It accepts t, the time at which to compute the cdf, par,
the parameters of the distribution, log.p argument that
determines whether to compute the log of the cdf, lower.limit,
whether to compute the lower limit (F(t)) or upper limit
(S(t) = 1-F(t)). Finally, it passes any additional arguments ...
to the rate function of the dfr_dist object x.
Method for obtaining the cumulative hazard function of an object.
Description
Method for obtaining the cumulative hazard function of an object.
Usage
cum_haz(x, ...)
Arguments
x |
The object to obtain the cumulative hazard function of. |
... |
Additional arguments to pass. |
Value
A function that computes the cumulative hazard function of the distribution.
Method for obtaining the cumulative hazard function of a dfr_dist object.
Description
Method for obtaining the cumulative hazard function of a dfr_dist object.
Usage
## S3 method for class 'dfr_dist'
cum_haz(x, ...)
Arguments
x |
The object to obtain the cumulative hazard function of. |
... |
Additional arguments to pass into the |
Details
If the dfr_dist object has an analytical cum_haz_rate function, that is
used directly for fast, exact computation. Otherwise, numerical integration
of the hazard function is performed.
Value
A function that computes the cumulative hazard H(t) of the distribution.
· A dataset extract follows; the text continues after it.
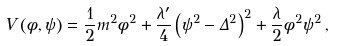Convert formula to latex. <formula><loc_0><loc_0><loc_500><loc_500>V \left ( \phi , \psi \right ) = \frac { 1 } { 2 } m ^ { 2 } \phi ^ { 2 } + \frac { \lambda ^ { \prime } } { 4 } \left ( \psi ^ { 2 } - \Delta ^ { 2 } \right ) ^ { 2 } + \frac { \lambda } { 2 } \phi ^ { 2 } \psi ^ { 2 } \, ,</formula> 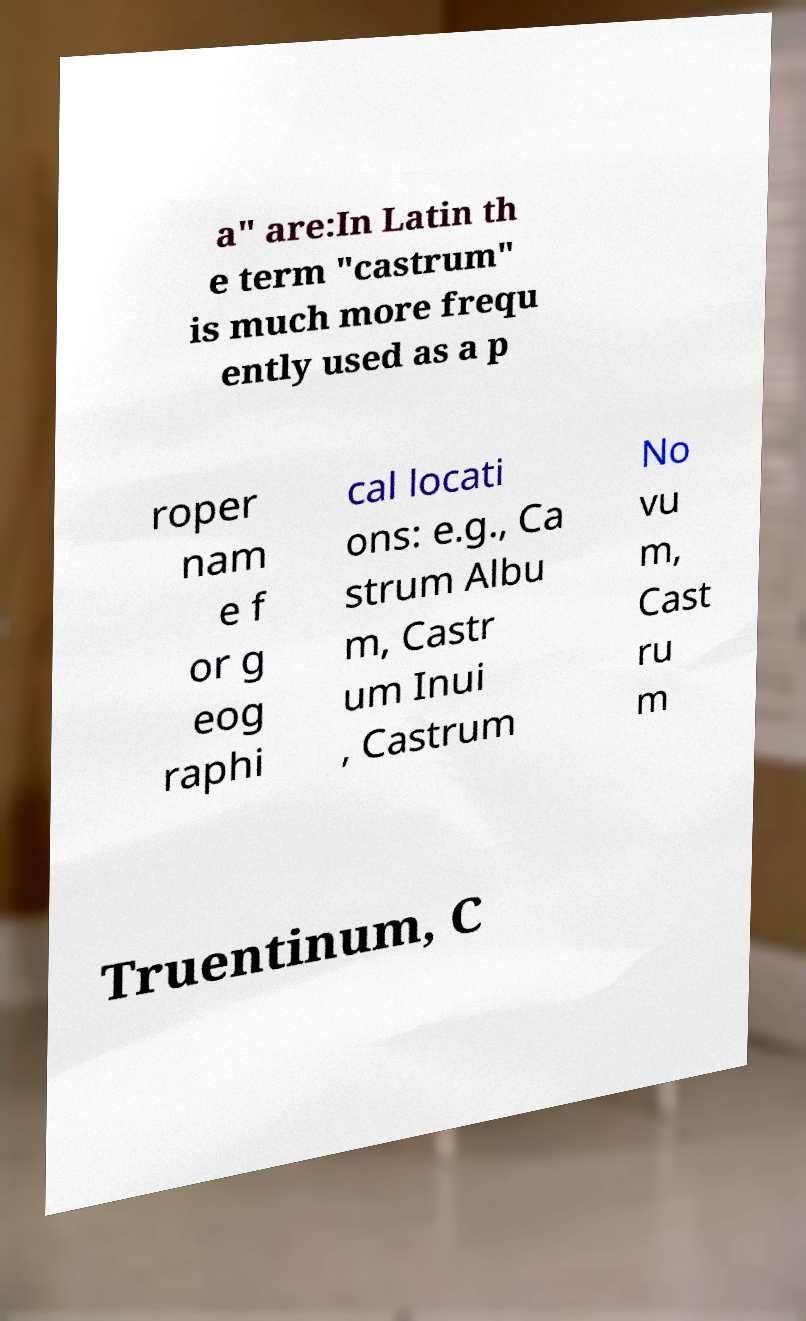I need the written content from this picture converted into text. Can you do that? a" are:In Latin th e term "castrum" is much more frequ ently used as a p roper nam e f or g eog raphi cal locati ons: e.g., Ca strum Albu m, Castr um Inui , Castrum No vu m, Cast ru m Truentinum, C

It accepts t, the time at which to compute the cumulative hazard, and
par, the parameters of the distribution. If par is NULL, then the
parameters of the dfr_dist object x are used. Finally, it passes any
additional arguments ... to the rate function.
Method for obtaining the density (pdf) of a dfr_dist object.
Description
Method for obtaining the density (pdf) of a dfr_dist object.
Usage
## S3 method for class 'dfr_dist'
density(x, ...)
Arguments
x |
The object to obtain the density of. |
... |
Additional arguments to pass. |
Value
A function that computes the density of the distribution.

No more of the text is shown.